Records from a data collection
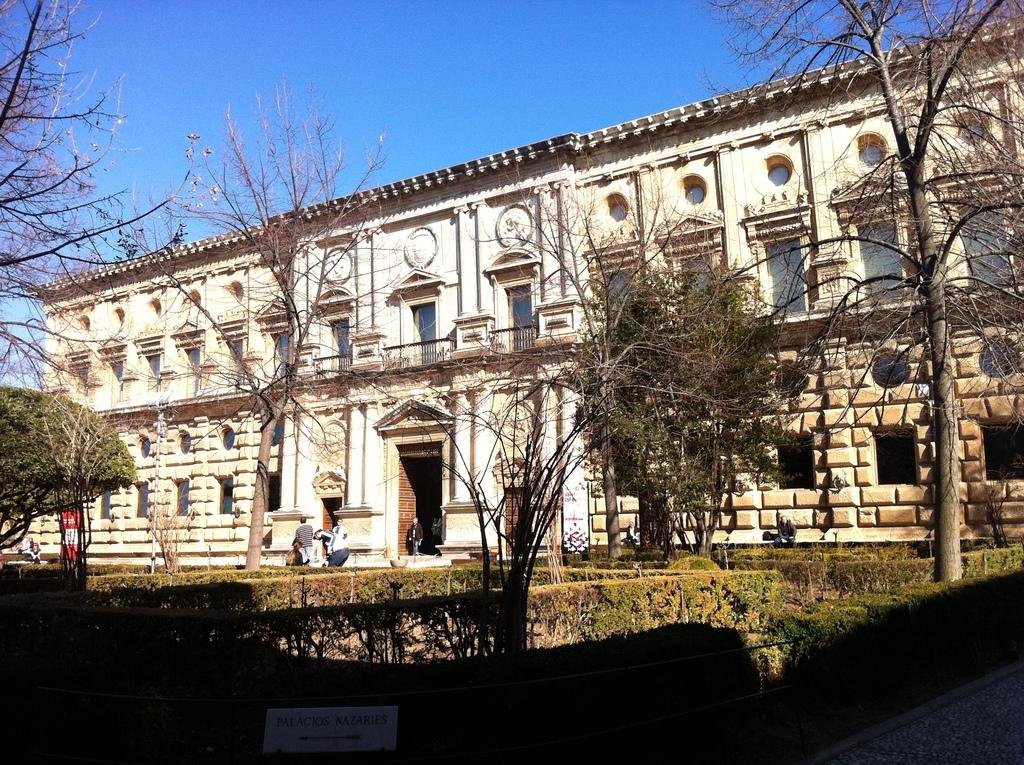What type of structure is in the image? A: There is a building in the image. What can be seen in front of the building? Trees are present in front of the building. What part of the natural environment is visible in the image? The land is visible in the image. What is visible above the building? The sky is visible above the building. How many muscles can be seen flexing in the image? There are no muscles visible in the image, as it features a building, trees, land, and sky. 
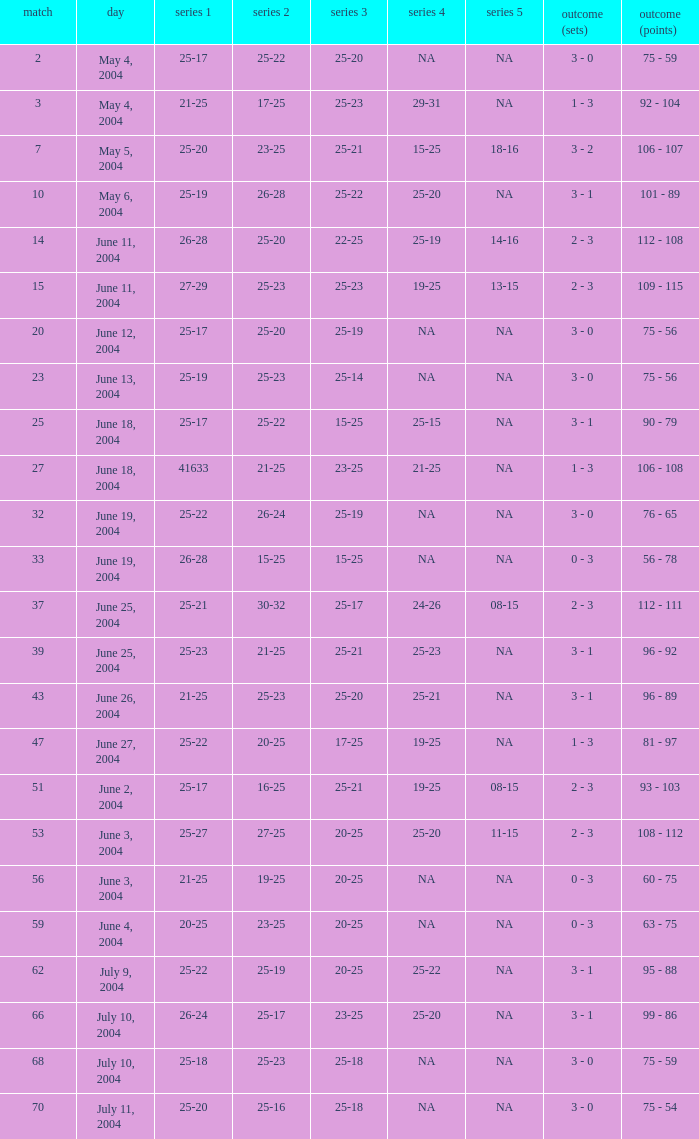Can you parse all the data within this table? {'header': ['match', 'day', 'series 1', 'series 2', 'series 3', 'series 4', 'series 5', 'outcome (sets)', 'outcome (points)'], 'rows': [['2', 'May 4, 2004', '25-17', '25-22', '25-20', 'NA', 'NA', '3 - 0', '75 - 59'], ['3', 'May 4, 2004', '21-25', '17-25', '25-23', '29-31', 'NA', '1 - 3', '92 - 104'], ['7', 'May 5, 2004', '25-20', '23-25', '25-21', '15-25', '18-16', '3 - 2', '106 - 107'], ['10', 'May 6, 2004', '25-19', '26-28', '25-22', '25-20', 'NA', '3 - 1', '101 - 89'], ['14', 'June 11, 2004', '26-28', '25-20', '22-25', '25-19', '14-16', '2 - 3', '112 - 108'], ['15', 'June 11, 2004', '27-29', '25-23', '25-23', '19-25', '13-15', '2 - 3', '109 - 115'], ['20', 'June 12, 2004', '25-17', '25-20', '25-19', 'NA', 'NA', '3 - 0', '75 - 56'], ['23', 'June 13, 2004', '25-19', '25-23', '25-14', 'NA', 'NA', '3 - 0', '75 - 56'], ['25', 'June 18, 2004', '25-17', '25-22', '15-25', '25-15', 'NA', '3 - 1', '90 - 79'], ['27', 'June 18, 2004', '41633', '21-25', '23-25', '21-25', 'NA', '1 - 3', '106 - 108'], ['32', 'June 19, 2004', '25-22', '26-24', '25-19', 'NA', 'NA', '3 - 0', '76 - 65'], ['33', 'June 19, 2004', '26-28', '15-25', '15-25', 'NA', 'NA', '0 - 3', '56 - 78'], ['37', 'June 25, 2004', '25-21', '30-32', '25-17', '24-26', '08-15', '2 - 3', '112 - 111'], ['39', 'June 25, 2004', '25-23', '21-25', '25-21', '25-23', 'NA', '3 - 1', '96 - 92'], ['43', 'June 26, 2004', '21-25', '25-23', '25-20', '25-21', 'NA', '3 - 1', '96 - 89'], ['47', 'June 27, 2004', '25-22', '20-25', '17-25', '19-25', 'NA', '1 - 3', '81 - 97'], ['51', 'June 2, 2004', '25-17', '16-25', '25-21', '19-25', '08-15', '2 - 3', '93 - 103'], ['53', 'June 3, 2004', '25-27', '27-25', '20-25', '25-20', '11-15', '2 - 3', '108 - 112'], ['56', 'June 3, 2004', '21-25', '19-25', '20-25', 'NA', 'NA', '0 - 3', '60 - 75'], ['59', 'June 4, 2004', '20-25', '23-25', '20-25', 'NA', 'NA', '0 - 3', '63 - 75'], ['62', 'July 9, 2004', '25-22', '25-19', '20-25', '25-22', 'NA', '3 - 1', '95 - 88'], ['66', 'July 10, 2004', '26-24', '25-17', '23-25', '25-20', 'NA', '3 - 1', '99 - 86'], ['68', 'July 10, 2004', '25-18', '25-23', '25-18', 'NA', 'NA', '3 - 0', '75 - 59'], ['70', 'July 11, 2004', '25-20', '25-16', '25-18', 'NA', 'NA', '3 - 0', '75 - 54']]} What is the result of the game with a set 1 of 26-24? 99 - 86. 
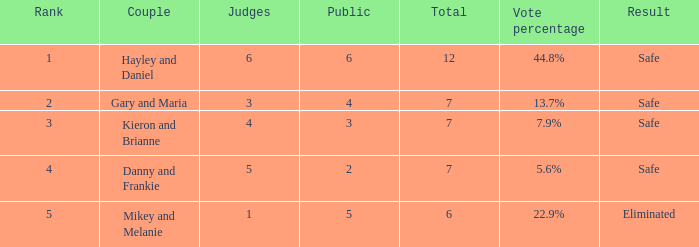What was the overall number when the voting percentage amounted to 44.8%? 1.0. 
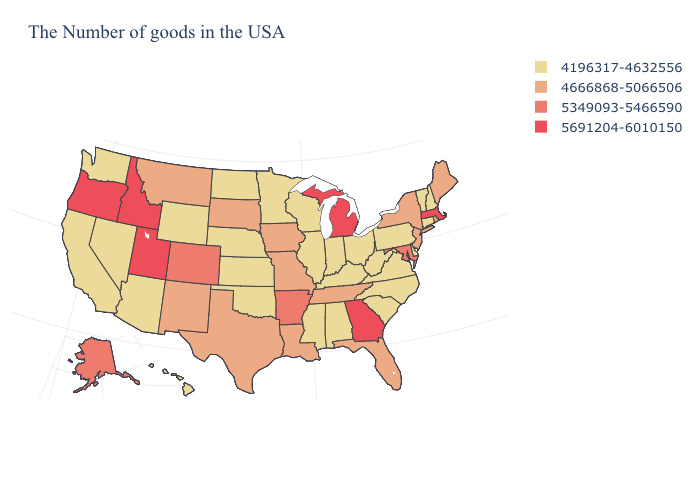What is the highest value in states that border Wisconsin?
Concise answer only. 5691204-6010150. How many symbols are there in the legend?
Write a very short answer. 4. What is the highest value in states that border South Carolina?
Be succinct. 5691204-6010150. Name the states that have a value in the range 4666868-5066506?
Short answer required. Maine, Rhode Island, New York, New Jersey, Florida, Tennessee, Louisiana, Missouri, Iowa, Texas, South Dakota, New Mexico, Montana. What is the highest value in the MidWest ?
Be succinct. 5691204-6010150. Does the map have missing data?
Give a very brief answer. No. Name the states that have a value in the range 4666868-5066506?
Be succinct. Maine, Rhode Island, New York, New Jersey, Florida, Tennessee, Louisiana, Missouri, Iowa, Texas, South Dakota, New Mexico, Montana. How many symbols are there in the legend?
Answer briefly. 4. Which states have the highest value in the USA?
Short answer required. Massachusetts, Georgia, Michigan, Utah, Idaho, Oregon. What is the value of Colorado?
Keep it brief. 5349093-5466590. What is the highest value in states that border Virginia?
Write a very short answer. 5349093-5466590. Which states have the highest value in the USA?
Write a very short answer. Massachusetts, Georgia, Michigan, Utah, Idaho, Oregon. What is the value of California?
Answer briefly. 4196317-4632556. What is the value of New Hampshire?
Be succinct. 4196317-4632556. 
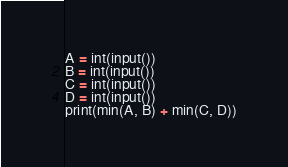<code> <loc_0><loc_0><loc_500><loc_500><_Python_>A = int(input())
B = int(input())
C = int(input())
D = int(input())
print(min(A, B) + min(C, D))</code>

◆ Problem details:
Output the lines above exactly, but only those between the line holding "Concise answer only." and the line holding "Be succinct. 5691204-6010150. Name", inclusive.

◆ Reply to the exercise:
Concise answer only. 5691204-6010150. How many symbols are there in the legend?
Write a very short answer. 4. What is the highest value in states that border South Carolina?
Be succinct. 5691204-6010150. Name the states that have a value in the range 4666868-5066506?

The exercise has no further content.